Isso será relevante mais adiante na análise, quando discutiremos a necessidade de os distribuidores de produtos em Israel operarem sob condições de certeza comercial, que exigem uma declaração clara de que as disputas com o fabricante que servem serão esclarecidas apenas no fórum estrangeiro.  Isso é exigido diante das disparidades de poder existentes entre as partes.  Essa certeza, que leva em conta as disparidades de poder mencionadas, também deve encontrar seu lugar no processo interpretativo da estipulação de jurisdição em disputa, e é de interesse público que o tribunal local seja encarregado de promover, de acordo com a perspectiva do direito local.

  1. Portanto, parece que o direito contratual estrangeiro não pode ter exclusividade no processo interpretativo das cláusulas de jurisdição estrangeira. Isso porque, no decorrer do processo interpretativo, o tribunal deve levar em conta considerações de política pública e considerações públicas em geral relacionadas à perspectiva do fórum local.  Essa também é a razão de que, na prática, e contrariando a regra jurídica clara e universalmente aceita - segundo a qual a lei do contrato (direta ou presunçosa) deve se aplicar à interpretação das cláusulas jurisdicionais - em muitos casos é a lei do foro local que decide a disputa.
  2. Nas circunstâncias do presente caso, não há espaço para aprofundar tudo isso e determinar a relação entre a lei do contrato e a lei do foro, pois, como veremos imediatamente, a lei inglesa, Candidate-se ao contrato, Não foi comprovado pelas partes na extensão exigida, nem mesmo pelo réu. Portanto, é a lei do foro, a lei israelense, que servirá de base para a decisão.

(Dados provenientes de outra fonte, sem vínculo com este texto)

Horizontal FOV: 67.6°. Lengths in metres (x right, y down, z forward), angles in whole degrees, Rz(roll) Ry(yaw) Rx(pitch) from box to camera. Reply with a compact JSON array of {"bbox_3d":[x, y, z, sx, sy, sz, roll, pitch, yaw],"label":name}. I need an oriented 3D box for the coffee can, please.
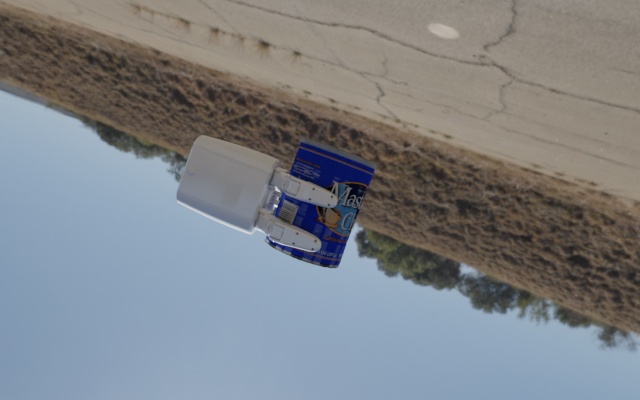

No entanto, achei necessário me aprofundar no assunto porque aquestão não estava de forma alguma sujeita a exame e decisão sobre o caso Gaziel.  Isso foi discutido e decidido de acordo com a lei israelense.  A lei contratual ali era a lei belga, mas não parece que nenhuma das partes nesse caso a tenha estabelecido ou discutido sobre sua aplicabilidade e importância.  Assim, o caso Lagziel reflete a posição atual da lei israelense em relação à interpretação de cláusulas de jurisdição estrangeira.  E, ainda assim, nenhum rebite foi estabelecido em nosso direito sobre a relevância do direito contratual estrangeiro para o processo interpretativo das cláusulas de jurisdição, e a relação entre ele e o direito do fórum israelense.  Parece que ainda há planos a serem feitos nesse nível, e a questão pode ser desenvolvida em litígios futuros.

  1. Vamos passar a aplicar todas essas questões à condição em disputa No processo diante de mim.

As partes não basearam a lei inglesa e suas implicações na interpretação da estipulação em questão

  1. As partes, como vimos, discordam sobre a questão de saber se a estipulação em disputa é única ou paralela. O próprio contrato estipula que a lei inglesa se aplicará a ele, e que será interpretada de acordo com a lei inglesa.  Mas qual é a posição do direito inglês sobre o assunto?

"Como é bem sabido, 'a lei da lei estrangeira é, para fins de precedentes de prova, a lei de um fato que exige prova' [...].  Uma parte que deseja se basear em uma lei estrangeira deve provar isso por meio de uma testemunha especializada que depoimento sobre o conteúdo e a interpretação dessa lei estrangeira" (Civil Appeal 7884/15 Reitman v.  Jiangsu Overseas Group Co.  Ltd.  (publicado nos bancos de dados [Nevo]; 2017; no parágrafo 31 da opinião do Honorável Justice Danziger).